What is required> List, from the lines below, each one with "metres" in it.

"""

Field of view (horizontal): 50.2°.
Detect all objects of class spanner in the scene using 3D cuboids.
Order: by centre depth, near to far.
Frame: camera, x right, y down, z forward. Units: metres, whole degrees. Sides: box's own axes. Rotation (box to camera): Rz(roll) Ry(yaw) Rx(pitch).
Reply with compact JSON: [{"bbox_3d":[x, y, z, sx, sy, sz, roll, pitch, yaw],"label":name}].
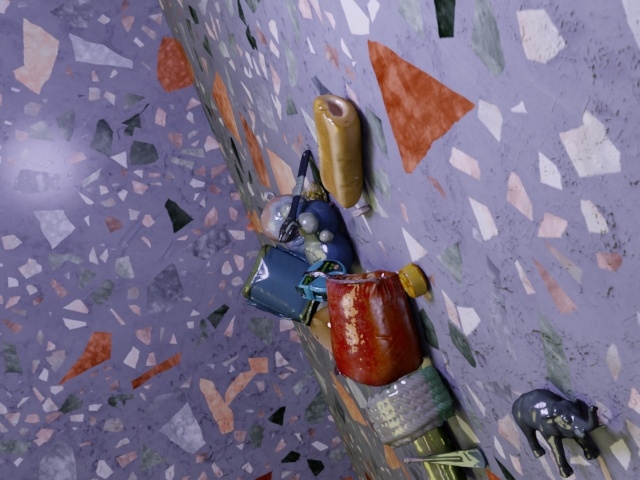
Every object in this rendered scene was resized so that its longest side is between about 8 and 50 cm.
[{"bbox_3d":[-0.073,-0.132,2.003,0.087,0.024,0.315,-28,44,52],"label":"spanner"}]

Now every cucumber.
[{"bbox_3d":[0.314,0.559,1.960,0.325,0.105,0.145,63,-167,11],"label":"cucumber"}]

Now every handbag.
[{"bbox_3d":[-0.107,0.146,2.236,0.241,0.222,0.263,24,172,5],"label":"handbag"}]

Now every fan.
[{"bbox_3d":[0.329,0.592,1.836,0.282,0.023,0.057,-25,90,47],"label":"fan"}]

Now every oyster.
[{"bbox_3d":[-0.006,-0.142,2.122,0.146,0.045,0.121,58,150,29],"label":"oyster"}]

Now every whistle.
[{"bbox_3d":[-0.080,-0.023,2.346,0.347,0.189,0.189,55,169,-11],"label":"whistle"}]

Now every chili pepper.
[{"bbox_3d":[0.137,0.206,1.830,0.251,0.229,0.305,21,124,59],"label":"chili pepper"}]

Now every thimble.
[{"bbox_3d":[0.235,0.436,1.784,0.150,0.219,0.219,62,166,13],"label":"thimble"}]

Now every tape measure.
[{"bbox_3d":[0.015,0.114,1.959,0.146,0.125,0.081,10,136,26],"label":"tape measure"}]

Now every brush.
[{"bbox_3d":[0.072,0.260,2.155,0.174,0.166,0.267,57,161,-8],"label":"brush"}]

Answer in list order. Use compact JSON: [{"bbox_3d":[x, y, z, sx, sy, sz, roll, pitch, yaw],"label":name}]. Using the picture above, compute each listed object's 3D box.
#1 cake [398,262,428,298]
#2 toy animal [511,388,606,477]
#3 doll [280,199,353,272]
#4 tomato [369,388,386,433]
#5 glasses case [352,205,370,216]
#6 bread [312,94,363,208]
[{"bbox_3d":[0.221,0.095,1.622,0.084,0.044,0.084,60,167,24],"label":"cake"},{"bbox_3d":[0.420,0.328,1.180,0.137,0.082,0.269,65,167,0],"label":"toy animal"},{"bbox_3d":[0.000,0.000,2.067,0.228,0.154,0.258,26,137,59],"label":"doll"},{"bbox_3d":[0.227,0.550,2.164,0.167,0.167,0.167,59,165,26],"label":"tomato"},{"bbox_3d":[0.107,-0.077,1.792,0.021,0.032,0.083,63,165,-2],"label":"glasses case"},{"bbox_3d":[0.050,-0.213,1.646,0.142,0.091,0.305,48,159,33],"label":"bread"}]
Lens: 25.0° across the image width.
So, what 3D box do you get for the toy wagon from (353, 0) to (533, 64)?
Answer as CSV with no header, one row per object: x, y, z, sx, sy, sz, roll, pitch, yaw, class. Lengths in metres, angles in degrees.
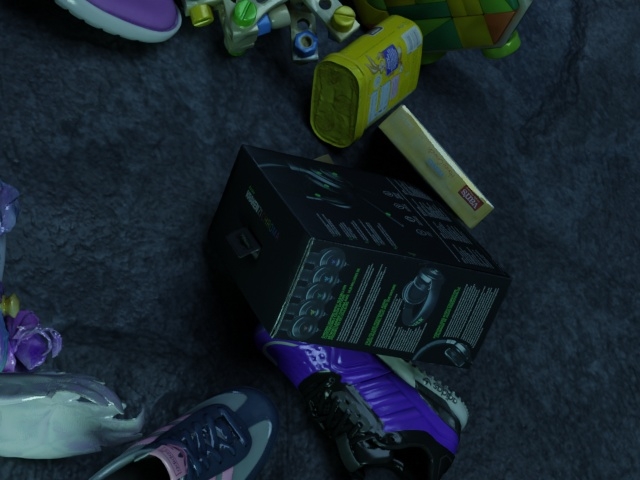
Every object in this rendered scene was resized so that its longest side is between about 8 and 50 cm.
0.185,-0.363,1.935,0.068,0.344,0.267,-52,130,-38,toy wagon

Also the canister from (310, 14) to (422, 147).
0.064,-0.215,1.926,0.073,0.126,0.170,25,41,24,canister

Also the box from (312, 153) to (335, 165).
0.000,0.000,1.830,0.164,0.021,0.201,-24,79,-39,box

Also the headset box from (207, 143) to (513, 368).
0.031,0.016,1.666,0.283,0.131,0.246,11,23,-29,headset box

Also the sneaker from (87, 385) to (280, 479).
-0.144,0.240,1.501,0.112,0.131,0.319,44,52,10,sneaker

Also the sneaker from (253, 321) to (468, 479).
0.042,0.197,1.695,0.293,0.102,0.146,32,52,-15,sneaker

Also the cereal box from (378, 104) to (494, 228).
0.145,-0.098,1.864,0.047,0.240,0.173,-42,93,4,cereal box

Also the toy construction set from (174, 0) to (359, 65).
-0.096,-0.377,1.893,0.215,0.151,0.327,-14,63,-12,toy construction set

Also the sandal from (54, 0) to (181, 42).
-0.310,-0.372,1.717,0.416,0.102,0.169,31,34,-34,sandal

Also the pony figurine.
-0.364,0.117,1.402,0.351,0.303,0.363,-10,71,-2,pony figurine
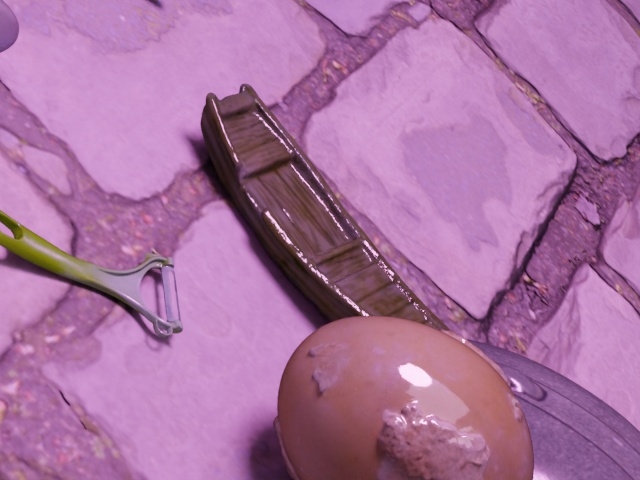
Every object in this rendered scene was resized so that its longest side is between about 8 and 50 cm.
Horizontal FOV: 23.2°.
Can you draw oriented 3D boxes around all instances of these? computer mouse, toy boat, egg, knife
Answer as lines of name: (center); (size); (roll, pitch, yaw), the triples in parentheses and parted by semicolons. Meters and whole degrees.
computer mouse: (0.216, 0.210, 1.244); (0.374, 0.114, 0.203); (50, 33, 5)
toy boat: (0.000, 0.000, 1.261); (0.293, 0.055, 0.093); (50, 36, 12)
egg: (0.060, 0.137, 1.092); (0.201, 0.164, 0.164); (39, 33, -16)
knife: (-0.166, 0.019, 1.083); (0.166, 0.022, 0.078); (24, 33, -35)

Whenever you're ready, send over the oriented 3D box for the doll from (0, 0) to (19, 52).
doll: (-0.316, -0.230, 1.087); (0.258, 0.153, 0.195); (15, 61, -17)
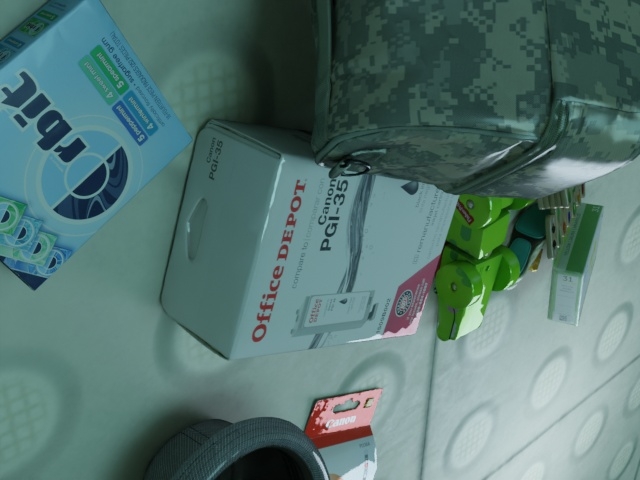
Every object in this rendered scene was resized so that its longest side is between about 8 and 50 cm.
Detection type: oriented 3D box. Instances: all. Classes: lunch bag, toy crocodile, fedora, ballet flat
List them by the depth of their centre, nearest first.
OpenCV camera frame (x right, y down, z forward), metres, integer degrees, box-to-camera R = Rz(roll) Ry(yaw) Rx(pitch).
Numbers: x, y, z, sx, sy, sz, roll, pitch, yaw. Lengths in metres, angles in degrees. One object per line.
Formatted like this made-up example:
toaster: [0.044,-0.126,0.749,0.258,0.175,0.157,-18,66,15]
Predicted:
lunch bag: [0.114,-0.197,0.673,0.256,0.212,0.305,4,80,-20]
fedora: [-0.109,0.308,0.861,0.244,0.124,0.275,-34,125,-31]
toy crocodile: [0.206,-0.012,1.037,0.115,0.105,0.340,-23,131,-37]
ballet flat: [0.307,0.007,1.173,0.168,0.057,0.052,-49,157,-29]

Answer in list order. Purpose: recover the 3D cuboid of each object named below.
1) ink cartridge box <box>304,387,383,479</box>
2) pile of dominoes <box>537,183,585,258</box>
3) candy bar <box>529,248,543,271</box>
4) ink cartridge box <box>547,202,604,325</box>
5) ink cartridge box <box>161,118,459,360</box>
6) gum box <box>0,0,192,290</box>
ink cartridge box: [0.029,0.298,1.062,0.145,0.045,0.179,2,113,-47]
pile of dominoes: [0.344,-0.109,1.056,0.251,0.040,0.196,-43,125,-50]
candy bar: [0.300,0.036,1.212,0.161,0.018,0.040,-4,114,-45]
ink cartridge box: [0.403,-0.007,1.215,0.235,0.056,0.171,81,30,-41]
ink cartridge box: [0.000,0.000,0.804,0.283,0.117,0.207,-1,112,-46]
gum box: [-0.209,-0.077,0.603,0.184,0.041,0.157,-48,138,-16]
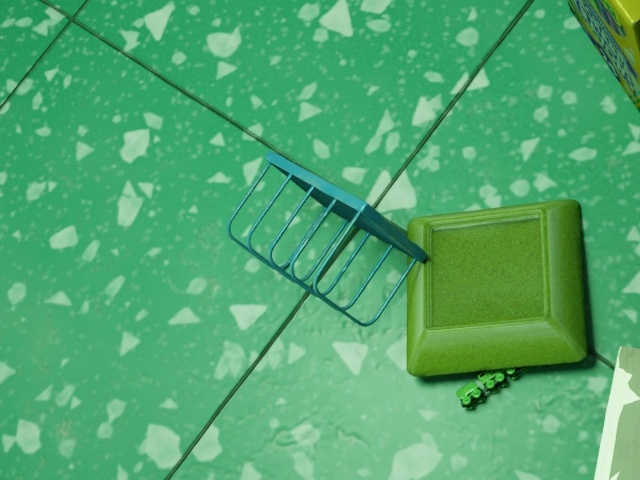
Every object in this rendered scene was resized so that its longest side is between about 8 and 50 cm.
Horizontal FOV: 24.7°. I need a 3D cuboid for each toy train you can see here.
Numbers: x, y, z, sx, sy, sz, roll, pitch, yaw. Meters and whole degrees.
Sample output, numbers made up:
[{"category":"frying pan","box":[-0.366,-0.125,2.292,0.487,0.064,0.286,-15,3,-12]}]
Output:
[{"category":"toy train","box":[0.176,0.143,1.499,0.083,0.017,0.023,-35,51,2]}]

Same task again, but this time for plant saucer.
[{"category":"plant saucer","box":[0.175,0.039,1.514,0.188,0.045,0.188,-7,61,17]}]

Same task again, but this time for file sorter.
[{"category":"file sorter","box":[0.000,0.000,1.535,0.170,0.118,0.104,32,85,46]}]

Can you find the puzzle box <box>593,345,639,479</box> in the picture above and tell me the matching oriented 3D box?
[{"category":"puzzle box","box":[0.260,0.321,1.253,0.052,0.272,0.409,8,72,21]}]

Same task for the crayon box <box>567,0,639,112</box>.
[{"category":"crayon box","box":[0.304,-0.252,1.444,0.083,0.323,0.203,-30,62,5]}]
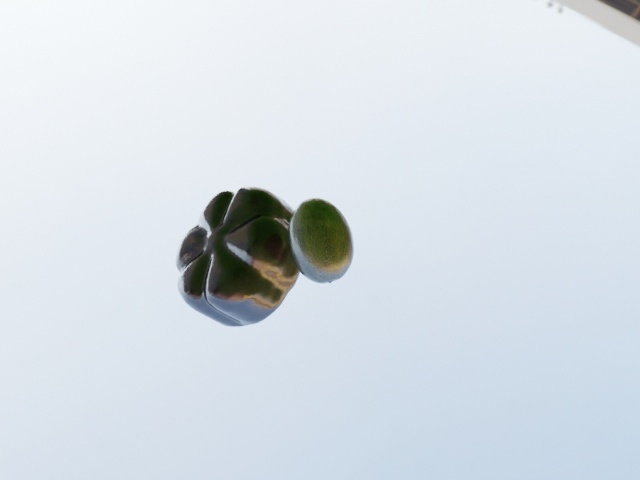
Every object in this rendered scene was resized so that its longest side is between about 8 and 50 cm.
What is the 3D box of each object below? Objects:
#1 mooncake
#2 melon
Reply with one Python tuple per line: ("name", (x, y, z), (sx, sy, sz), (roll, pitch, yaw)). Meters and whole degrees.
("mooncake", (-0.135, 0.026, 1.249), (0.133, 0.245, 0.245), (34, -148, -40))
("melon", (0.000, 0.000, 1.113), (0.098, 0.098, 0.130), (-13, -94, -29))
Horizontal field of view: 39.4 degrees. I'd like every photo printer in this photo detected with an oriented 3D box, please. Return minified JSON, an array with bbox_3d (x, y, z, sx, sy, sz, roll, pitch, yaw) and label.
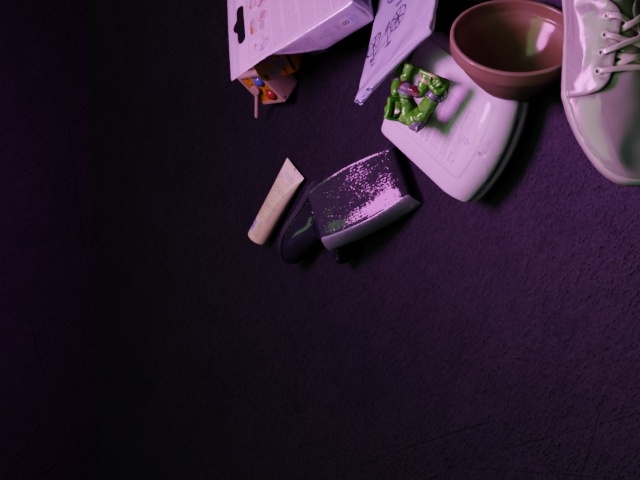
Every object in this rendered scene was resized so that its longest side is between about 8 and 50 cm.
[{"bbox_3d":[0.277,-0.245,1.821,0.307,0.107,0.256,49,126,41],"label":"photo printer"}]

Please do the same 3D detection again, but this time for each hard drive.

"""

Solution for this problem>
Frame: camera, x right, y down, z forward. Units: metres, whole degrees. Sides: box's own axes. Rotation (box to camera): Rz(roll) Ry(yaw) Rx(pitch).
Answer as CSV with no header, one row per object: x, y, z, sx, sy, sz, roll, pitch, yaw, class. Lengths in metres, angles in degrees.
OpenCV camera frame (x right, y down, z forward), metres, integer degrees, box-to-camera R = Rz(roll) Ry(yaw) Rx(pitch).
Numbers: x, y, z, sx, sy, sz, roll, pitch, yaw. Lengths in metres, angles in degrees. One object per line.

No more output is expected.